Each of the three food elements-protein, minerals, vitamins has its own specific task in preparing your body for a long, youthful life. If I seem to emphasize protein and minerals more than I do vitamins, it's only because I feel certain the vitamin story is well enough known not to need detailed repetition in this book. On the other hand, I'm afraid the mineral story has been too often pushed into the background by 'sensational' vitamin news. Yet today, more than ever before, nutrition experts are turning to mineral therapy. The final report of the New York State Joint Legislative Committee on Nutrition for 1947 contains an article by Dr.

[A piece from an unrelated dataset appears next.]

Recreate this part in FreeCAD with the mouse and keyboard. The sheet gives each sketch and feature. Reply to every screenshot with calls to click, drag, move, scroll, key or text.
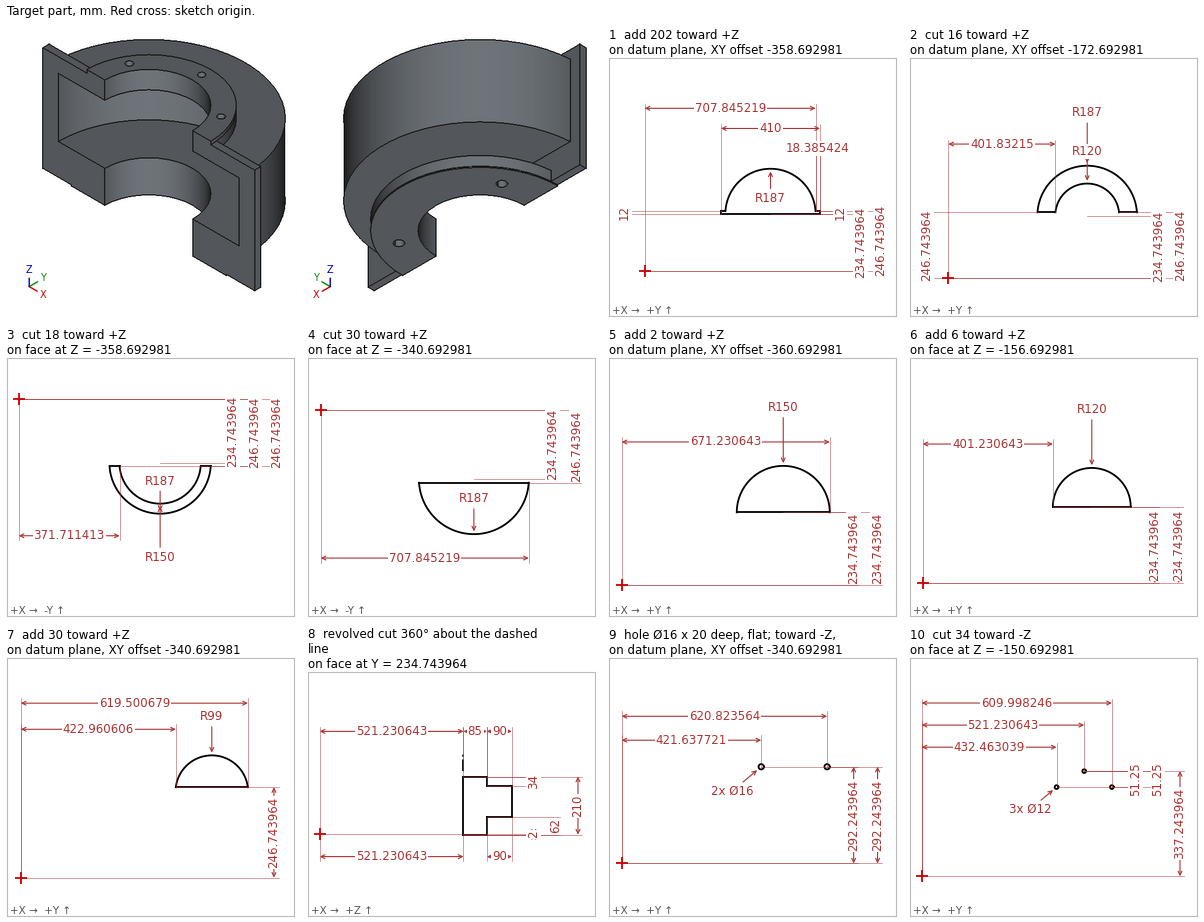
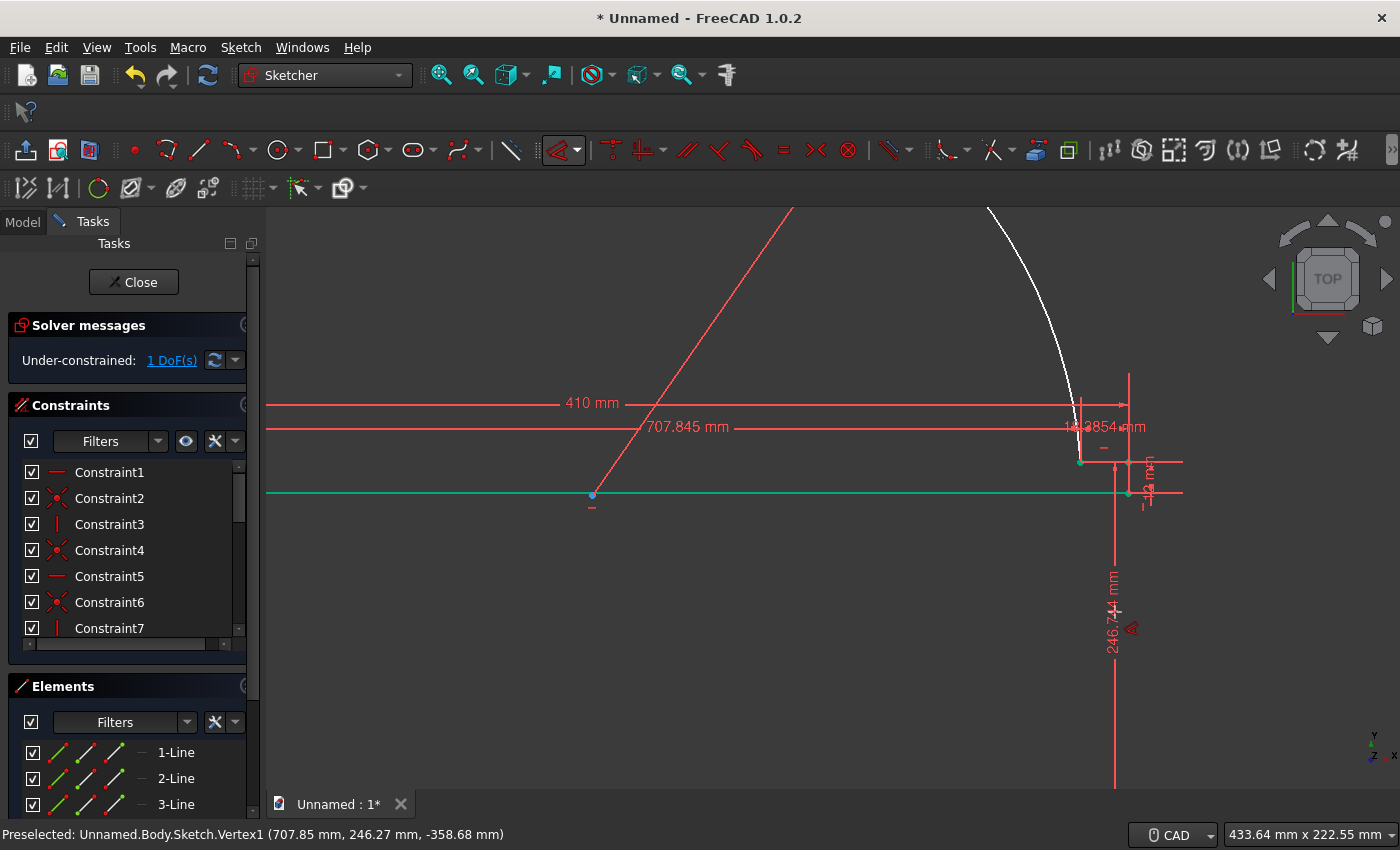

C. Ward Crampton, noted authority on diseases of older persons, in which he .states: 'The foremost nutritional defects in the mature and aging are calcium, iron and protein.

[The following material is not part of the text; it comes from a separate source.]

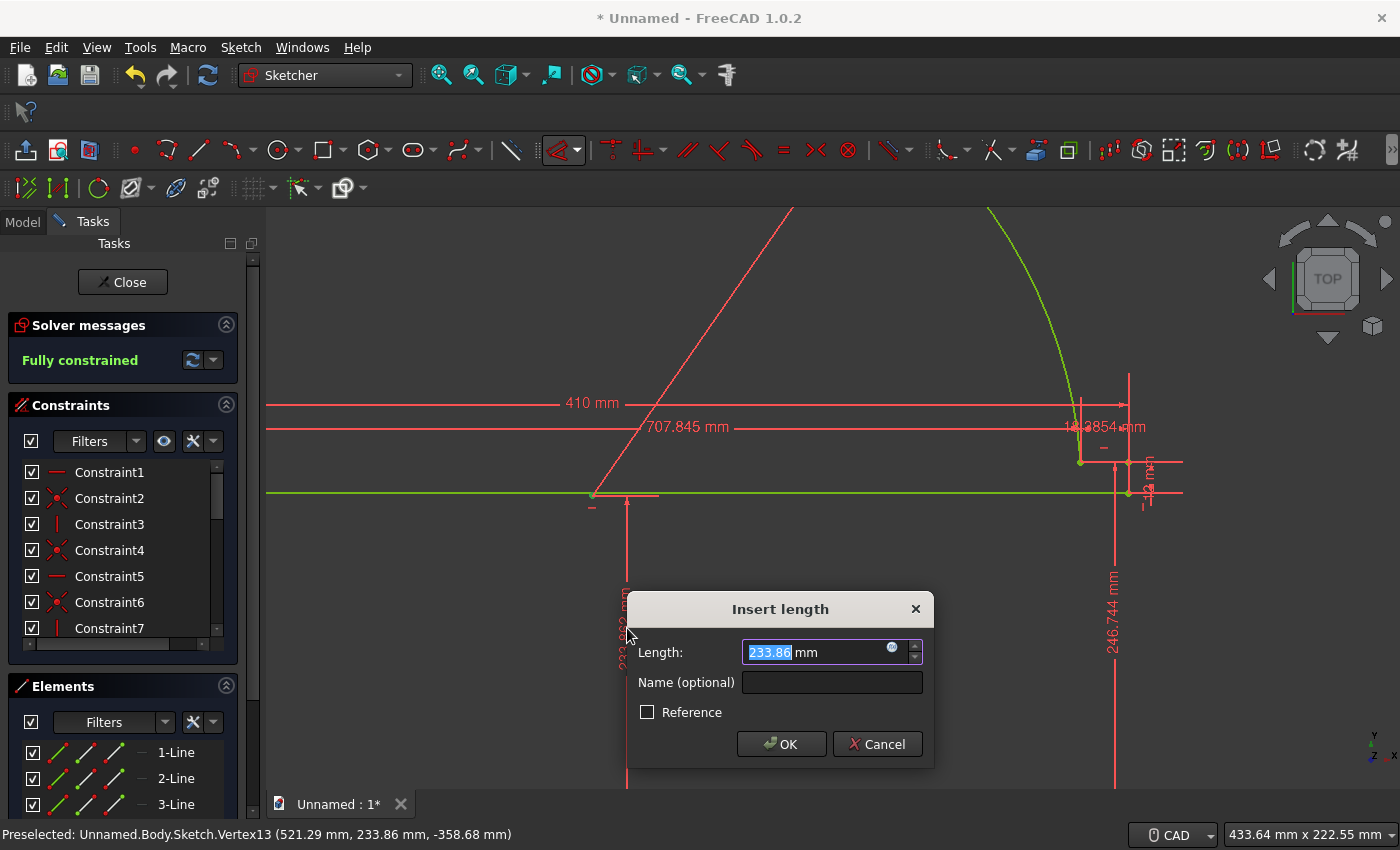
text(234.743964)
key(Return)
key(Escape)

Seventy-five per cent of the men of sixty suffer a lack of one or more. On the other hand, many suffer dietary excesses, notably carbohydrates and possibly cholesterol.'Dr. Crampton goes on to report that the American diet is more deficient in calcium than in any other food element. Our ordinary menu is calcium-poor. This calcium deficiency accumulates, becoming increasingly serious as the person grows older. Calcium is so important an ingredient of your blood that your bloodstream will attempt to maintain its calcium level, even though it has to rob other body parts of their vitally needed calcium. That is why, in many older persons, the bones, robbed of their calcium by the blood, become more fragile, resulting in easily fractured arms, legs and hips. It is also why calcium-starved heart muscles and brain cells often give up the struggle to maintain normal functioning in bodies that are comparatively young in years. Your nerves, your heart, your teeth, your brain cells, your blood-all need sufficient calcium to remain healthy, and to function as nature intended. Commenting that 'calcium poverty is one common cause of aging that can be corrected,' Dr. Crampton prescribes a grain of calcium lactate for each year of your age, taken in three doses three hours after each meal.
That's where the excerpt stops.